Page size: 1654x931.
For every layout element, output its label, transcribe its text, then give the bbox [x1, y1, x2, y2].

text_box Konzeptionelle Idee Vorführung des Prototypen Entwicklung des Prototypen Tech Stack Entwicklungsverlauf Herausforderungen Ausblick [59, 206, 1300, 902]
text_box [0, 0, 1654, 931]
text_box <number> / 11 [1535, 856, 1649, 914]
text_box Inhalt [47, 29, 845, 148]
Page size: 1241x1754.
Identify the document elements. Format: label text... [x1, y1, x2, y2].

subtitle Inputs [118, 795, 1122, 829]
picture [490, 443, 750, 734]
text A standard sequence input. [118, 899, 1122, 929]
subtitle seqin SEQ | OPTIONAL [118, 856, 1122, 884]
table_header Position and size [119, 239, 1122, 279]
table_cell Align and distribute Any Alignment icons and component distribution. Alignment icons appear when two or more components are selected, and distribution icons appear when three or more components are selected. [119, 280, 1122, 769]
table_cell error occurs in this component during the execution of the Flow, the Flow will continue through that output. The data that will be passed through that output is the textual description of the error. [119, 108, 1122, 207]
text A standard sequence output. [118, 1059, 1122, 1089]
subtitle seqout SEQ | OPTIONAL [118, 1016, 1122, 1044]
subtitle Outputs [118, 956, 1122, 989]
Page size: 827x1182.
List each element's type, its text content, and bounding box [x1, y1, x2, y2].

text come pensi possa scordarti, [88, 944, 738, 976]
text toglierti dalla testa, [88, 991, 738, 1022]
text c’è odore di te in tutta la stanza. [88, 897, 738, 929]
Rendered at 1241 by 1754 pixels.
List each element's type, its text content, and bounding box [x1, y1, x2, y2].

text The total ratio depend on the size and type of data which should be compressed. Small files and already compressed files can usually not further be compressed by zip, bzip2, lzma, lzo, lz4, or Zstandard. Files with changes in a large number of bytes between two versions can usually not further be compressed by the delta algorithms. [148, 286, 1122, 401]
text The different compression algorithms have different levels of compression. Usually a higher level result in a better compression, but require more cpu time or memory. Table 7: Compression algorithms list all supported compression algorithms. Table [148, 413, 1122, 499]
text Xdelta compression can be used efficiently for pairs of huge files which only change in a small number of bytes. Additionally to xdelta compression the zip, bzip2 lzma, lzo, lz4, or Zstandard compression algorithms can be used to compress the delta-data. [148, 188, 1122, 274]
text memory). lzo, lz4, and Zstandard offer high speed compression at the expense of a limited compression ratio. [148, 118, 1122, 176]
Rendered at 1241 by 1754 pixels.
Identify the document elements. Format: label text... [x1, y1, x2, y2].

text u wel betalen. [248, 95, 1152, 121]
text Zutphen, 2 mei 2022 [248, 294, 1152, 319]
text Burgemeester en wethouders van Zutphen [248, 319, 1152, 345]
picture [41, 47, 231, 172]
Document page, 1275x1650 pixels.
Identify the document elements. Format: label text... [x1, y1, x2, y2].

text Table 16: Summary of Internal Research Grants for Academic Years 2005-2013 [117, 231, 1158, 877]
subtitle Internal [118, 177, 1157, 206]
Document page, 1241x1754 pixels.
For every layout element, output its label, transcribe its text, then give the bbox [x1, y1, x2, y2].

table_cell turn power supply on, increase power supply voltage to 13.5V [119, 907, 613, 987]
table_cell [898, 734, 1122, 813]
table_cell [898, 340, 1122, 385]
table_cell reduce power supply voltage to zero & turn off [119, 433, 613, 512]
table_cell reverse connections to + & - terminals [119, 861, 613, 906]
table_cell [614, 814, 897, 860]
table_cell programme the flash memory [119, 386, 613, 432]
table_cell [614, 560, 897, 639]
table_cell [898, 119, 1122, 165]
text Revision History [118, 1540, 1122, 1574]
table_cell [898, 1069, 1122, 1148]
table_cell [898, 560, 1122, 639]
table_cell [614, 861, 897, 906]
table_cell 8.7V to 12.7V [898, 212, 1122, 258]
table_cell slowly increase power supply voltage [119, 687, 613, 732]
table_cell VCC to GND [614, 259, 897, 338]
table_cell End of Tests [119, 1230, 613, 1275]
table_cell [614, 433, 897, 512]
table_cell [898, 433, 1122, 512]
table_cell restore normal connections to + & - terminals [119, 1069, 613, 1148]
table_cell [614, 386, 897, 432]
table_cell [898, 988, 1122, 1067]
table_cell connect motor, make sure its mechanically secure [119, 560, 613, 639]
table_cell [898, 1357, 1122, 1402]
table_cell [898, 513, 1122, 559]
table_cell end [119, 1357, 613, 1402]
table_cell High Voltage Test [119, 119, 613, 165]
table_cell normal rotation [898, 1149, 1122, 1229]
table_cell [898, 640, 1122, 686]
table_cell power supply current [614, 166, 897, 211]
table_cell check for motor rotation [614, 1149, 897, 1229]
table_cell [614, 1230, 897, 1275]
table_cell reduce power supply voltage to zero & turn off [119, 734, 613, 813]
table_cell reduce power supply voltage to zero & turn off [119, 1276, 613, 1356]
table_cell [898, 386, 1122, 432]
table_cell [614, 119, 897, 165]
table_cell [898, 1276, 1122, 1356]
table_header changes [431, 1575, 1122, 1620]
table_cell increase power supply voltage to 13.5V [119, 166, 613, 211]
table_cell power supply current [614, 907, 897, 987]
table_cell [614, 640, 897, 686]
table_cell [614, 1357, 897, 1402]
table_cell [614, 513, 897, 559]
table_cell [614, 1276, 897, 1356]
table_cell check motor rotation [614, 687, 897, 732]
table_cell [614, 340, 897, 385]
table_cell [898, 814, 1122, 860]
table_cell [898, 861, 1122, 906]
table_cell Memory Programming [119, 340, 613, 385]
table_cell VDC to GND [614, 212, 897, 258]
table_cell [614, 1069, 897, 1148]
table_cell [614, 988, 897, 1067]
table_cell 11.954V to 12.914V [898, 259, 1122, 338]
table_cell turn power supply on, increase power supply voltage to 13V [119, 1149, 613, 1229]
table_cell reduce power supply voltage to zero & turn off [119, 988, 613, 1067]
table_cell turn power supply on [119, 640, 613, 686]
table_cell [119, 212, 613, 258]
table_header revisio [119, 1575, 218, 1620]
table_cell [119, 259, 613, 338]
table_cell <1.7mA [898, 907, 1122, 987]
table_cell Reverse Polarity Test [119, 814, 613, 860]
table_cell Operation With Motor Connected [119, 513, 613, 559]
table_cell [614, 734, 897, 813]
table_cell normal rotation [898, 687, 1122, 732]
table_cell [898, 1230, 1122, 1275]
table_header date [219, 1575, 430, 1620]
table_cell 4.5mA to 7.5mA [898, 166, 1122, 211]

### [Problem]
Send back every line of the listing above exactly.

### [Task response]
Page size: 1654x931.
For every layout element, output its label, transcribe its text, then give the bbox [x1, y1, x2, y2].

text_box Konzeptionelle Idee Vorführung des Prototypen Entwicklung des Prototypen Tech Stack Entwicklungsverlauf Herausforderungen Ausblick [59, 206, 1300, 902]
text_box [0, 0, 1654, 931]
text_box <number> / 11 [1535, 856, 1649, 914]
text_box Inhalt [47, 29, 845, 148]
Page size: 1241x1754.
Identify the document elements. Format: label text... [x1, y1, x2, y2].

subtitle Inputs [118, 795, 1122, 829]
picture [490, 443, 750, 734]
text A standard sequence input. [118, 899, 1122, 929]
subtitle seqin SEQ | OPTIONAL [118, 856, 1122, 884]
table_header Position and size [119, 239, 1122, 279]
table_cell Align and distribute Any Alignment icons and component distribution. Alignment icons appear when two or more components are selected, and distribution icons appear when three or more components are selected. [119, 280, 1122, 769]
table_cell error occurs in this component during the execution of the Flow, the Flow will continue through that output. The data that will be passed through that output is the textual description of the error. [119, 108, 1122, 207]
text A standard sequence output. [118, 1059, 1122, 1089]
subtitle seqout SEQ | OPTIONAL [118, 1016, 1122, 1044]
subtitle Outputs [118, 956, 1122, 989]
Page size: 827x1182.
List each element's type, its text content, and bounding box [x1, y1, x2, y2].

text come pensi possa scordarti, [88, 944, 738, 976]
text toglierti dalla testa, [88, 991, 738, 1022]
text c’è odore di te in tutta la stanza. [88, 897, 738, 929]
Rendered at 1241 by 1754 pixels.
List each element's type, its text content, and bounding box [x1, y1, x2, y2].

text The total ratio depend on the size and type of data which should be compressed. Small files and already compressed files can usually not further be compressed by zip, bzip2, lzma, lzo, lz4, or Zstandard. Files with changes in a large number of bytes between two versions can usually not further be compressed by the delta algorithms. [148, 286, 1122, 401]
text The different compression algorithms have different levels of compression. Usually a higher level result in a better compression, but require more cpu time or memory. Table 7: Compression algorithms list all supported compression algorithms. Table [148, 413, 1122, 499]
text Xdelta compression can be used efficiently for pairs of huge files which only change in a small number of bytes. Additionally to xdelta compression the zip, bzip2 lzma, lzo, lz4, or Zstandard compression algorithms can be used to compress the delta-data. [148, 188, 1122, 274]
text memory). lzo, lz4, and Zstandard offer high speed compression at the expense of a limited compression ratio. [148, 118, 1122, 176]
Rendered at 1241 by 1754 pixels.
Identify the document elements. Format: label text... [x1, y1, x2, y2].

text u wel betalen. [248, 95, 1152, 121]
text Zutphen, 2 mei 2022 [248, 294, 1152, 319]
text Burgemeester en wethouders van Zutphen [248, 319, 1152, 345]
picture [41, 47, 231, 172]
Document page, 1275x1650 pixels.
Identify the document elements. Format: label text... [x1, y1, x2, y2].

text Table 16: Summary of Internal Research Grants for Academic Years 2005-2013 [117, 231, 1158, 877]
subtitle Internal [118, 177, 1157, 206]
Document page, 1241x1754 pixels.
For every layout element, output its label, transcribe its text, then give the bbox [x1, y1, x2, y2].

table_cell turn power supply on, increase power supply voltage to 13.5V [119, 907, 613, 987]
table_cell [898, 734, 1122, 813]
table_cell [898, 340, 1122, 385]
table_cell reduce power supply voltage to zero & turn off [119, 433, 613, 512]
table_cell reverse connections to + & - terminals [119, 861, 613, 906]
table_cell [614, 814, 897, 860]
table_cell programme the flash memory [119, 386, 613, 432]
table_cell [614, 560, 897, 639]
table_cell [898, 119, 1122, 165]
text Revision History [118, 1540, 1122, 1574]
table_cell [898, 1069, 1122, 1148]
table_cell [898, 560, 1122, 639]
table_cell [614, 861, 897, 906]
table_cell 8.7V to 12.7V [898, 212, 1122, 258]
table_cell slowly increase power supply voltage [119, 687, 613, 732]
table_cell VCC to GND [614, 259, 897, 338]
table_cell End of Tests [119, 1230, 613, 1275]
table_cell [614, 433, 897, 512]
table_cell [898, 433, 1122, 512]
table_cell restore normal connections to + & - terminals [119, 1069, 613, 1148]
table_cell [614, 386, 897, 432]
table_cell [898, 988, 1122, 1067]
table_cell connect motor, make sure its mechanically secure [119, 560, 613, 639]
table_cell [898, 1357, 1122, 1402]
table_cell [898, 513, 1122, 559]
table_cell end [119, 1357, 613, 1402]
table_cell High Voltage Test [119, 119, 613, 165]
table_cell normal rotation [898, 1149, 1122, 1229]
table_cell [898, 640, 1122, 686]
table_cell power supply current [614, 166, 897, 211]
table_cell check for motor rotation [614, 1149, 897, 1229]
table_cell [614, 1230, 897, 1275]
table_cell reduce power supply voltage to zero & turn off [119, 734, 613, 813]
table_cell reduce power supply voltage to zero & turn off [119, 1276, 613, 1356]
table_cell [898, 386, 1122, 432]
table_cell [614, 119, 897, 165]
table_cell [898, 1276, 1122, 1356]
table_header changes [431, 1575, 1122, 1620]
table_cell increase power supply voltage to 13.5V [119, 166, 613, 211]
table_cell power supply current [614, 907, 897, 987]
table_cell [614, 640, 897, 686]
table_cell [614, 1357, 897, 1402]
table_cell [614, 513, 897, 559]
table_cell [614, 1276, 897, 1356]
table_cell check motor rotation [614, 687, 897, 732]
table_cell [614, 340, 897, 385]
table_cell [898, 814, 1122, 860]
table_cell [898, 861, 1122, 906]
table_cell Memory Programming [119, 340, 613, 385]
table_cell VDC to GND [614, 212, 897, 258]
table_cell [614, 1069, 897, 1148]
table_cell [614, 988, 897, 1067]
table_cell 11.954V to 12.914V [898, 259, 1122, 338]
table_cell turn power supply on, increase power supply voltage to 13V [119, 1149, 613, 1229]
table_cell reduce power supply voltage to zero & turn off [119, 988, 613, 1067]
table_cell turn power supply on [119, 640, 613, 686]
table_cell [119, 212, 613, 258]
table_header revisio [119, 1575, 218, 1620]
table_cell [119, 259, 613, 338]
table_cell <1.7mA [898, 907, 1122, 987]
table_cell Reverse Polarity Test [119, 814, 613, 860]
table_cell Operation With Motor Connected [119, 513, 613, 559]
table_cell [614, 734, 897, 813]
table_cell normal rotation [898, 687, 1122, 732]
table_cell [898, 1230, 1122, 1275]
table_header date [219, 1575, 430, 1620]
table_cell 4.5mA to 7.5mA [898, 166, 1122, 211]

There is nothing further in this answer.